Lennon’s knowledge of the elite avant-garde included familiarity with both Karlheinz Stockhausen and John Cage.14 Yoko Ono, more importantly, was a collaborator of Cage’s and, like many others in the Fluxus movement, her artwork manifested many of Cage’s ideas. The very fact that Ono and Lennon had periodic contact prior to 1968 indicates that Lennon had access to artistic circles where Cage’s influence was strongly felt. Specific works that might have influenced “Revolution 9” include Cage’s Rozart Mix, a 1965 work to be performed live that calls for 88 tape loops fed through twelve machines by at least four performers. The loops are to be cut to a wide variety of different lengths and run forward and backward; Cage further suggests using “non-pop” music (i.e., classical recordings) and speaking voices as source material (Cage: Rozart Mix score, p. 1, 4). Lennon also most likely knew Stockhausen’s tape works Hymnen (1966-67) and Gesang der Jünglinge (1955–6), both of which use voices, tape and electronic effects. Neither Rozart nor Hymnen were publicly available in commer-cially available recorded form, but Lennon could have known either work or both through tapes or acetates circulating privately.15 A ten-minute electronic tape realization of Cage’s Fontana Mix was widely available in an LP version that shares the playful, improvisatory spirit of “Revolution 9.” On the other hand, the two-hour long Hymnen is like “Revolution 9” in several significant, if superficial, respects (particularly Region 1) and constitutes a similarly somewhat-ambiguous sociopolitical critique.16

The use of classical music as source material in these instances was probably intended as a form of radicalism, skewering or skewing the popular understanding of traditional repertoire (with its implications of old-fashioned and socially conservative institutions and patterns of behavior known collectively in youth culture of the time as “the estab-lishment”) through fragmentation and recontextualization. In this respect, it is interesting to note that Lennon disguised his source

John Lennon's “Revolution 9” 227

material, never allowing any pre-existing musical theme to come into the foreground. Specific composers or works are never readily apparent. In other words, he’s not merely painting a moustache on the “Mona Lisa,” but is absorbing into his artwork pitch material and textures from recorded repertoire, together with accompanying social implications of these traditions.

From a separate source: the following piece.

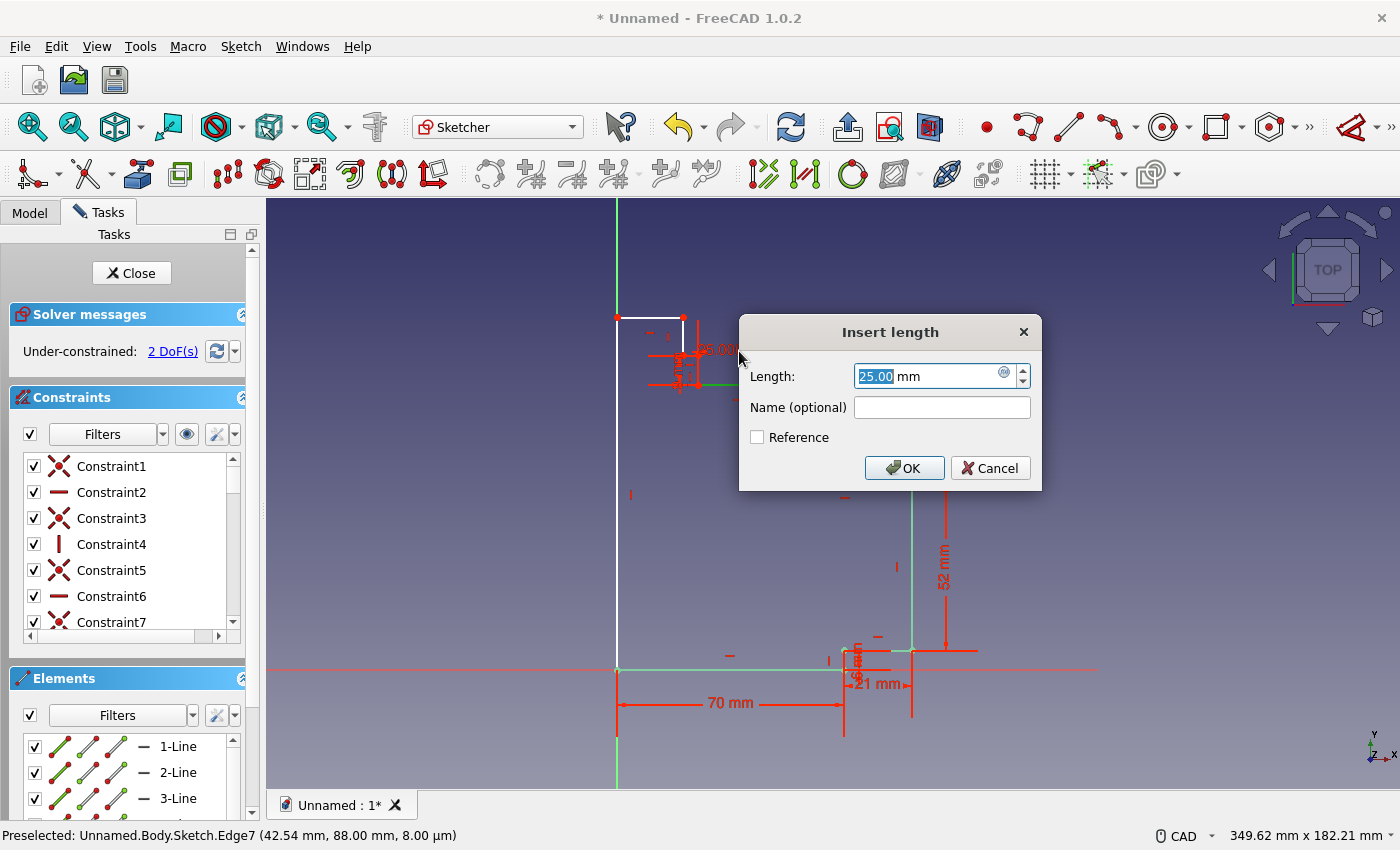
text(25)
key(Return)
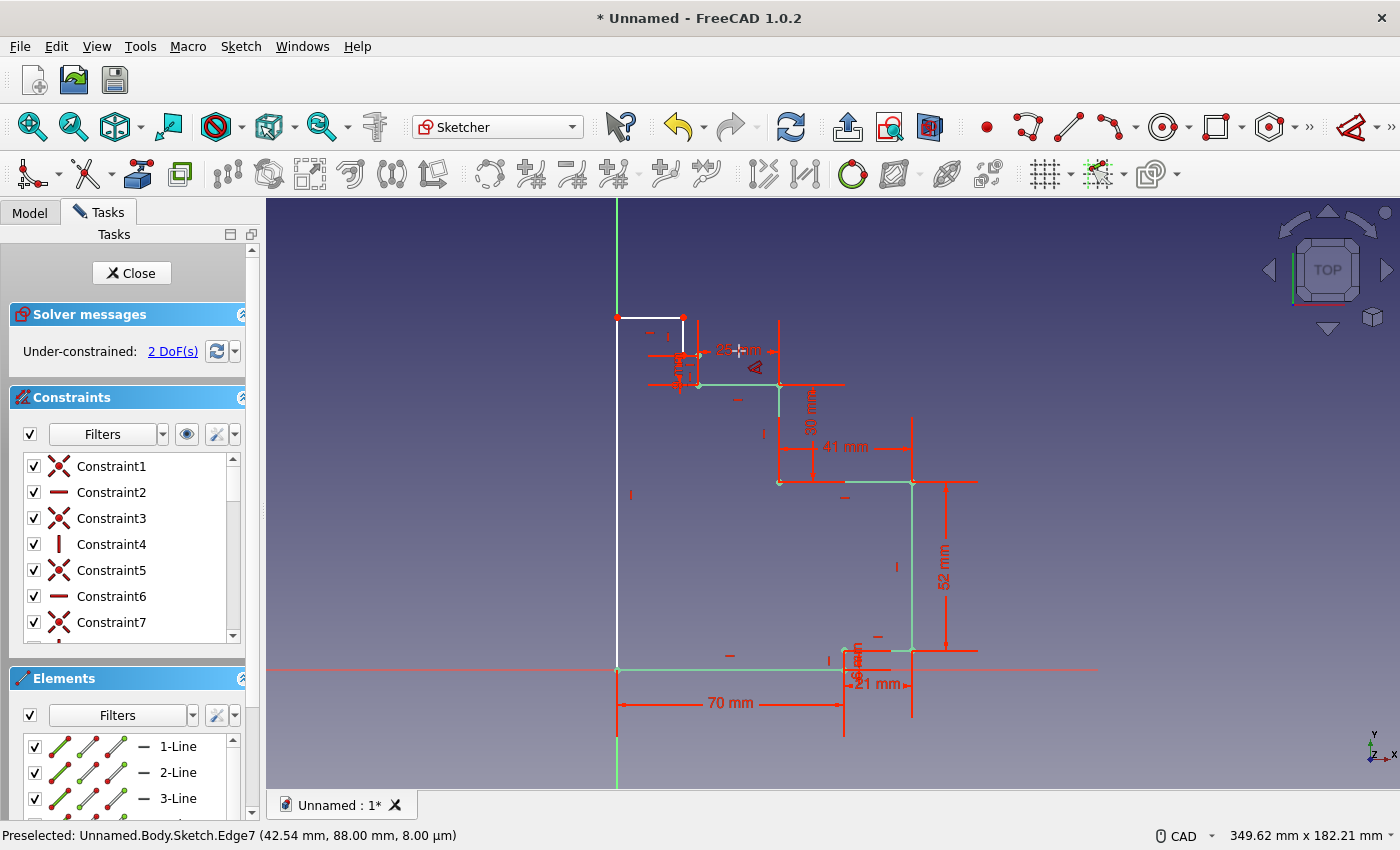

In its techniques, “Revolution 9” cannot be adequately described as a direct descendant of either Stockhausen or Cage, but shows a little of both: Stockhausen’s use of clear, preconceived and composer-controlled form, including timed elements; Cage’s improvisational use of tape loops, particularly in massed textures. Cage favored a nontraditional formal construction that emphasized discontinuity. Stockhausen pursued a similar aesthetic (but including strict parameters not found inCage) that he called “moment form” (Toop, “3. Aesthetic Position”).17

“Revolution 9” certainly has much in common with these twin aes-thetics but also seems to contradict them with a traditional reliance on arch structures, climax and long-range similarities—devices Cage con-sidered “banal” (Cage 1961, 75). Here it seems more relevant to cite Lennon’s history as a successful songwriter. Likewise his very personal message (“riding the vehicle of his political stance”) and intention (“painting in sound a picture of a revolution”) is typical of neither Stockhausen nor Cage, both of whom favored more complex and ambiguous projections that emphasized form and the handling of content over personal or extramusical expression. Lastly, the repertoire of available Beatles’s recording techniques, though sophisticated in the pop world, are significantly more limited than those found in Stockhausen and Cage and have their own precedents in the Beatles earlier recordings. Thus “Revolution 9,” like most Beatles tracks, cries out to be considered on its own terms, reflective of styles both contemporary and traditional, but in the end beholden to neither.

III. READING “REVOLUTION 9”

“Revolution 9” is an apocalyptic vision. Lennon has lost faith in humanity, particularly in the leaders of society, and offers a grim allegory of a mindless crowd incapable of acting for the good of the individual, channeling its own groupthink momentum into violence and destruction. The crowd wins in the end, rudely shutting out the message of naked individuality with team spirit and an appropriate cry of “block that kick.”

The fragmentation in “Revolution 9,” alone and combined with other

228 Perspectives of New Music

elements at work in the piece, creates a sense of disturbance and confusion, a feeling that we are viewing the same dream-like scene, or scenes, from many different perspectives at once. This confusion is both an expression of the crowd (societal confusion) and of the composer (an inner confusion), leading us to the notion of the crowd as representative of the individual’s psychological plurality, a manifestation of Lennon’s internal war. These two interpretations of the crowd—as external force or internal turmoil—are not contradictory, but complementary, an expression of Lennon’s actual conflict regarding issues of leadership and participation in a society in transformation.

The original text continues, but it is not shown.